Where does the word "picture" appear in the entries below? Copy each line that holds it.
______________________________
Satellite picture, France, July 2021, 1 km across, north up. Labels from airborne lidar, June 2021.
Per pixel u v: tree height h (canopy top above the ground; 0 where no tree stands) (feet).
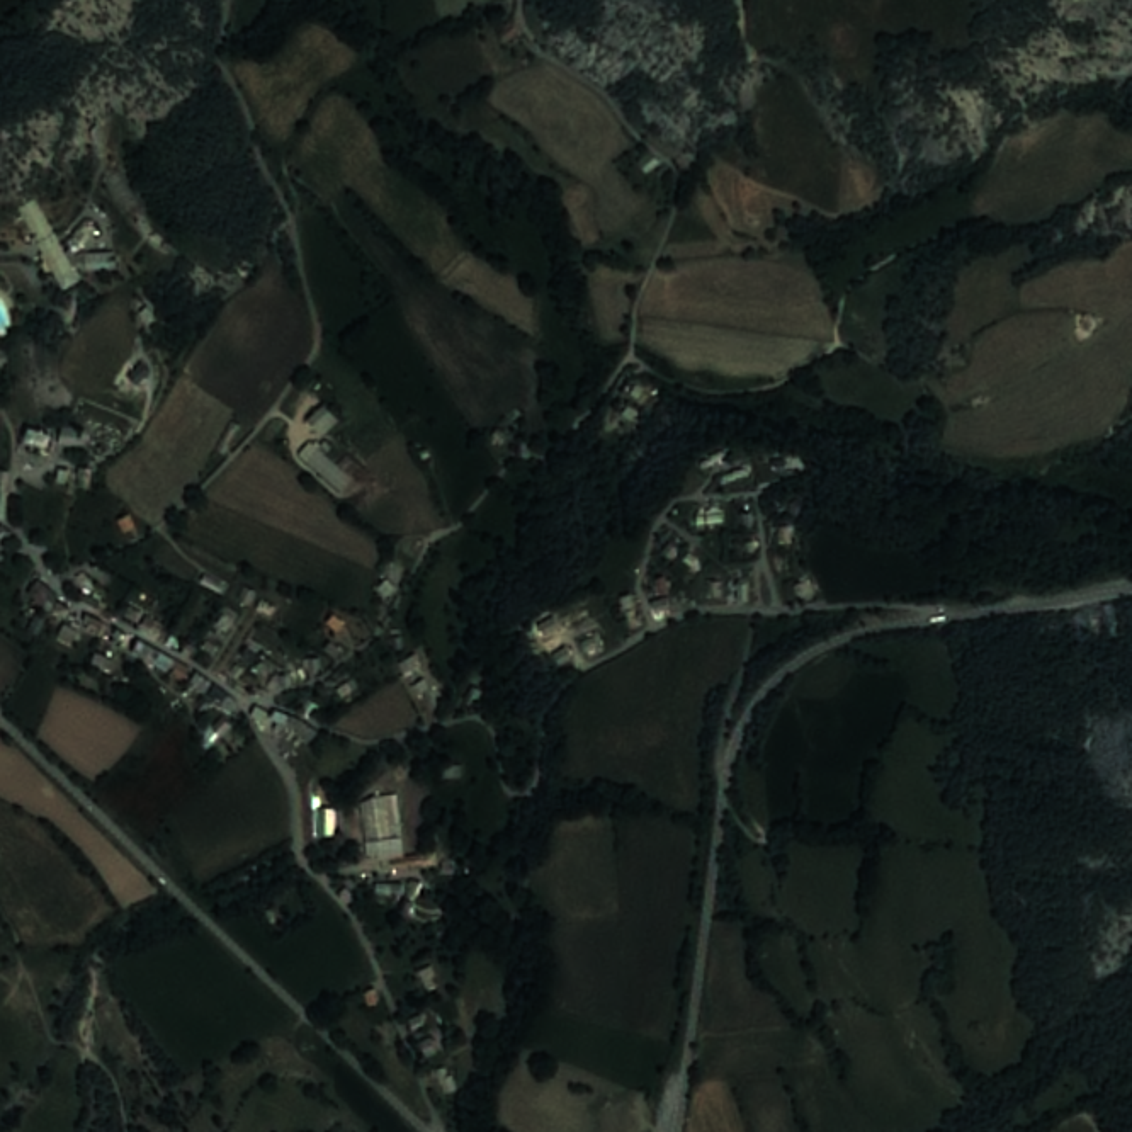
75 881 0
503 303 0
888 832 57
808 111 0
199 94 36
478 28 19
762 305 0
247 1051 50
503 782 33
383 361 0
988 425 0
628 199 0
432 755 55
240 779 0
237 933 0
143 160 37
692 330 0
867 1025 0
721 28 20
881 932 0
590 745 0
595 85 0
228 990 0
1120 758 0
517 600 51
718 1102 0
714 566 0
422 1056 51
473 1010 0
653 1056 0
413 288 0
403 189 0
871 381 0
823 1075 0
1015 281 21
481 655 66
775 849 19
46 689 0
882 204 32
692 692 0
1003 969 0
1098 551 41
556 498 54
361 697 25
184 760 0
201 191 24
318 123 0
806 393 42
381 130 61
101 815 0
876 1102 0
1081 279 0
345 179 0
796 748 0
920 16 0
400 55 33
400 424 0
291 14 58
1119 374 0
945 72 18
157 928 63
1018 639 48
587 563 24
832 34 0
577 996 0
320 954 0
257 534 0
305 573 0
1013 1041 0
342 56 0
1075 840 28
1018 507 75
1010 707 31
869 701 0
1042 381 0
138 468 0
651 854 0
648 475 44
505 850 59
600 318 0
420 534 0
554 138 0
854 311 0
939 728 28
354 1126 0
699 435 70
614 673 0
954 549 90
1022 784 40
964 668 41
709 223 0
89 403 0
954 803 34
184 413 0
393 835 0
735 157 0
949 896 0
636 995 0
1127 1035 24
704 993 0
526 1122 0
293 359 0
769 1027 0
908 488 106
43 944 0
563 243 65
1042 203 0
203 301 24
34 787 0
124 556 40
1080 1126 0
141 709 37
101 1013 0
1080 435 0
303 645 26
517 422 22
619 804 55
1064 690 41
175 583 36
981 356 0
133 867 0
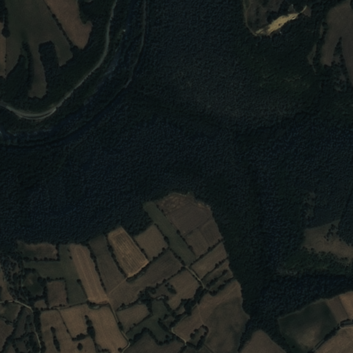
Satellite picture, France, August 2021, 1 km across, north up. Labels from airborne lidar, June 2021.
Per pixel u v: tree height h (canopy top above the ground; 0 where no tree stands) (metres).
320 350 0
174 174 19
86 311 0
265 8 0
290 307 12
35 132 0
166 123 17
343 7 0
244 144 27
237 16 13
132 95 19
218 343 0
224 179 15
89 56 18
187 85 11
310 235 0
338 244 0
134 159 17
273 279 26
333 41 0
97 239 0
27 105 14
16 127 19
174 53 11
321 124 22
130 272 0
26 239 19
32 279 0
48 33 0
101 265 0
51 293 0
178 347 0
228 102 8
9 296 0
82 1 13
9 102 12
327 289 20
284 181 13
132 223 15
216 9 17
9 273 13
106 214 21
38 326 12
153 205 0
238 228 10
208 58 12
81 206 19
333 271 13
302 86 9
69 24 0
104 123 9
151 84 17
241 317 0
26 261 12
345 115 10
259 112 10
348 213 9
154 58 19
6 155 19
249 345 0
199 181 17
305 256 8
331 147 19
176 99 22
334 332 11
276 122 15
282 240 13
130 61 11
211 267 0
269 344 0
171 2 14
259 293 26
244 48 7
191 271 0
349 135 17
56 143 16
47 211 20
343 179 19
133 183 18
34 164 18
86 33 0
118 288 0
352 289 14
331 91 9
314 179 14
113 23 21
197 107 16
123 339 0
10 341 14
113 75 11
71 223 22
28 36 0
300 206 12
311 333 0
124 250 0
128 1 27
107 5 13
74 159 12
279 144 15
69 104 24
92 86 18
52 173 12
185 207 0
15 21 0
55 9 0
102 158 14
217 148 16
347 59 0
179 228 0
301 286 20
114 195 21
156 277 0
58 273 0
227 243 12
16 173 16
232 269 13
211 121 12
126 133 15
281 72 10
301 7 11
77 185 12
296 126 19
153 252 0
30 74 8
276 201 14
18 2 0
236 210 14
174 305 0
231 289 0
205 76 11
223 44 16
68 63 12
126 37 22
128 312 0
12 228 18
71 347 0
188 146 23
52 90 20
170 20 10
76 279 0
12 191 10
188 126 7
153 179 15
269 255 7
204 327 9
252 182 31
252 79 11
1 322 0
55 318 0
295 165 19
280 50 14
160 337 0
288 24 8
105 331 0
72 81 22
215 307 0
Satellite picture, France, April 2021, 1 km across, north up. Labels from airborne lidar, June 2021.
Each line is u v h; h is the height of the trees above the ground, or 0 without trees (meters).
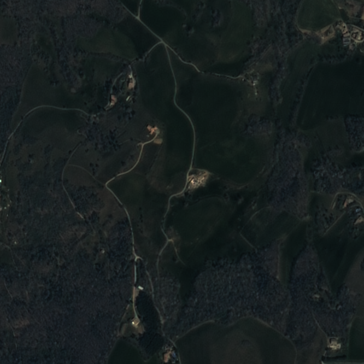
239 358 0
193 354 0
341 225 0
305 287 20
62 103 0
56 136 0
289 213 9
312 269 15
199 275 15
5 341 12
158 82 0
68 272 17
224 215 0
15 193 0
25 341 11
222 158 0
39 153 0
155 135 0
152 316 19
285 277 0
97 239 0
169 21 0
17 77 17
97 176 0
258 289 16
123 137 0
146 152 0
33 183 6
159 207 0
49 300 16
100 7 9
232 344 0
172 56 0
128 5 0
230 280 8
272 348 0
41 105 0
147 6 0
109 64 0
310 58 0
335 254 0
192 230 0
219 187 0
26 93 0
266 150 0
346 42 0
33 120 0
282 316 16
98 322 13
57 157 0
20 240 6
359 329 0
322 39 8
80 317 17
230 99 0
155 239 0
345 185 11
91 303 17
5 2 10
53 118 0
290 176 15
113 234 6
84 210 13
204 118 0
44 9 17
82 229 18
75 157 0
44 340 14
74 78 33
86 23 11
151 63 0
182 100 0
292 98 0
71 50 16
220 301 12
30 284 12
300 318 18
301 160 11
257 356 0
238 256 0
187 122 0
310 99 0
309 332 15
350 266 0
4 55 13
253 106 0
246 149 0
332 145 0
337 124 0
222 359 0
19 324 11
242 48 0
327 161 22
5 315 11
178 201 0
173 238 0
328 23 0
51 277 10
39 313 18
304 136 17
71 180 0
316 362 0
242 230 0
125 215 0
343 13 0
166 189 0
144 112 0
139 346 8
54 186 9
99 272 11
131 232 7
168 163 0
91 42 0
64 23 12
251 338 0
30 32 10
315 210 0
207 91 0
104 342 18
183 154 0
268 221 0
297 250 0
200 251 0
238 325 0
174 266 0
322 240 0
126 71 13
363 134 12
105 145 11
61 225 9
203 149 0
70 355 15
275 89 24
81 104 0
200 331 0
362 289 0
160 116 0
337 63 16
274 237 0
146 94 0
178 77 0
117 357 0
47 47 0
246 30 0
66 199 10
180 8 6
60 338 18
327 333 10
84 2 10
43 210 9
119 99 0
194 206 0
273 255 11
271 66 0
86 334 18
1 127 8
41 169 0
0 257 0
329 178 13
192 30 16
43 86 0
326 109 0
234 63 0
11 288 12
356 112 0
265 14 19
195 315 8
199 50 0
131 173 0
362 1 0
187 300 17
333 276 0
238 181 0
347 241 0
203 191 0
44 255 13
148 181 0
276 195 8
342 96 0
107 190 0
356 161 0
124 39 0
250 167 0
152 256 0
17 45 9
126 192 0
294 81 0
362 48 0
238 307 11
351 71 0
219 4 0
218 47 0
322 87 0
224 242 0
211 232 0
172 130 0
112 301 17
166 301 18
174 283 12
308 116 0
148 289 9
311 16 0
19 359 15
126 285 11
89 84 0
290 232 0
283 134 19
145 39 0
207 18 0
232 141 0
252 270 13
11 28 0
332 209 0
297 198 14
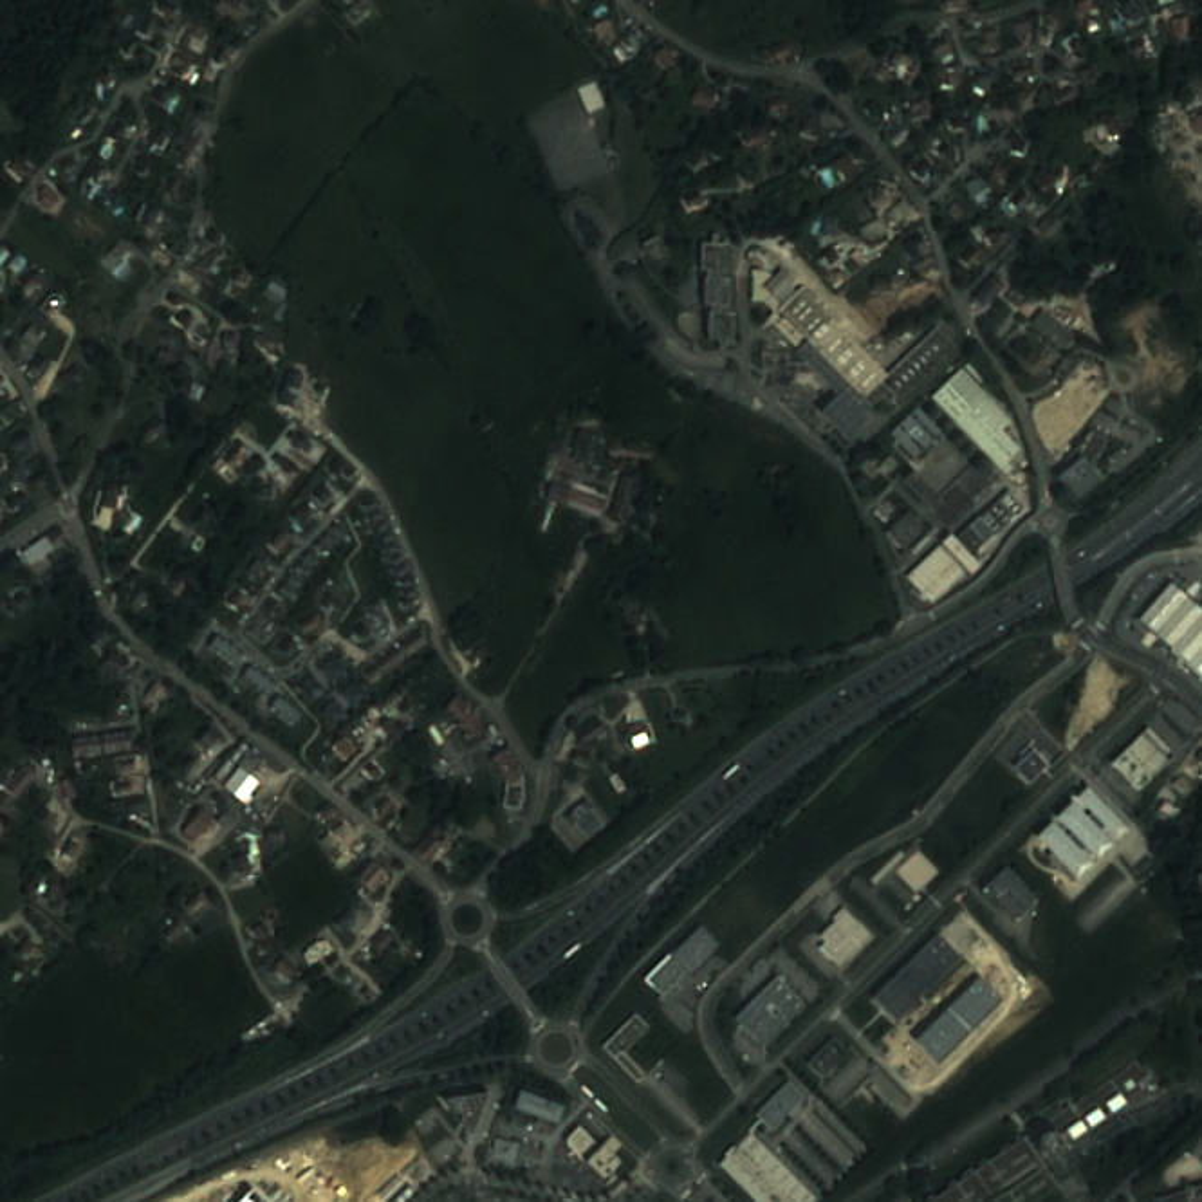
______________________________
=== Problem solution ===
Satellite picture, France, July 2021, 1 km across, north up. Labels from airborne lidar, June 2021.
Satellite picture, France, August 2021, 1 km across, north up. Labels from airborne lidar, June 2021.
Satellite picture, France, April 2021, 1 km across, north up. Labels from airborne lidar, June 2021.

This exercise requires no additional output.